Their data and robotics platform, RecycleOS, can sort objects with over 95% accuracy. “Our AI provides accurate data on the shape, size, weight, material, packaging type, commodity value, and even brand information of every recyclable flowing through the plant,” JD Ambati, founder and CEO of EverestLabs, told me.
These systems improve over time and adapt to new types of waste, ensuring the adaptability of sorting processes even as the composition of waste changes. For example, Alameda County Industries (ACI) reduced its labor costs by 59% in three years thanks to EverestLabs’ robots, which have picked up approximately 30 million objects.
Preventing contamination with high-precision algorithms
AI solutions employ advanced algorithms to differentiate between many variants of similar-looking materials. “Glacier Robotics’ AI model can detect over 30 types of items, from beverage bottles to toothpaste tubes,” Rebecca Hu, founder and CEO of Glacier Robotics, told me.
Accurately identifying recyclable materials, such as fiber, PET, HDPE, or black plastic, helps reduce contamination rates and increase the purity of recyclables.
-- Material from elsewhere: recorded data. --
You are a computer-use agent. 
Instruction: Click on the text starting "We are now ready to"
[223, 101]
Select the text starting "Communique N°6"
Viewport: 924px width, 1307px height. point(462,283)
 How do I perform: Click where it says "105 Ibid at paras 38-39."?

For example, Glacier’s robots can be trained to identify and remove plastic bags that accidentally end up in the paper stream. This makes the quality of the end paper product higher and more valuable.
Talking about the impact of their robots, Rebecca Hu shares that they helped a recycling customer quantify a $900,000 annual revenue opportunity by identifying the value of recyclables that one site was incorrectly sending to landfills.
Efficient real-time sorting with robotics
As trash moves on conveyor belts, an average human can pick 20 to 40 items per minute based on the material. On the other hand, AI-powered robotic arms can sort materials at remarkable speeds.
AMP, one of the earliest innovators in AI-driven sortation, introduced high-powered jet systems. “It’s capable of making thousands of picks per minute on conveyer belts that move at speeds of 600 feet-per-minute,” Chase Brumfield – site reliability engineering manager of AMP, told me. In addition to consuming just a fraction of the manual effort, these systems need minimal downtime, vastly improving the throughput of waste facilities.
Additionally, intelligent sorting systems can unlock novel value-creation opportunities. For example, if a buyer is looking for a specific type of recycled plastic material, say a white-colored, post-consumer polypropylene – this is possible thanks to AI-driven sortation systems that can see, remember, and act by separating the desired type of waste in real-time.
How AI can help build a sustainable future
Meeting sustainability goals calls for an ability to benchmark and track performance. “Without the ability to measure our country’s baseline recycling performance, it’s near impossible to make progress on it,” says Rebecca Hu.
The ability to track recyclables at a never-before-seen level of granularity can act as a source of truth. This can help measure progress across recyclers, brands, policymakers, and other players in the circular economy as we work towards our sustainability goals. This remarkable ability of AI-driven sorting systems could catalyze progress towards the US National Recycling Goal of 50% recycling rate by 2030.
We must remember that solving the waste management crisis requires more than just technology. Individuals must play their part by disposing of waste responsibly and adhering to the principles of reduce, reuse, and recycle. Simple actions by each of us, such as separating recyclables from general waste, composting organic materials, and reducing single-use plastics, can make a substantial difference.
By combining AI-driven solutions with responsible human behavior, we can significantly reduce the amount of waste ending up in landfills and move towards a more sustainable future.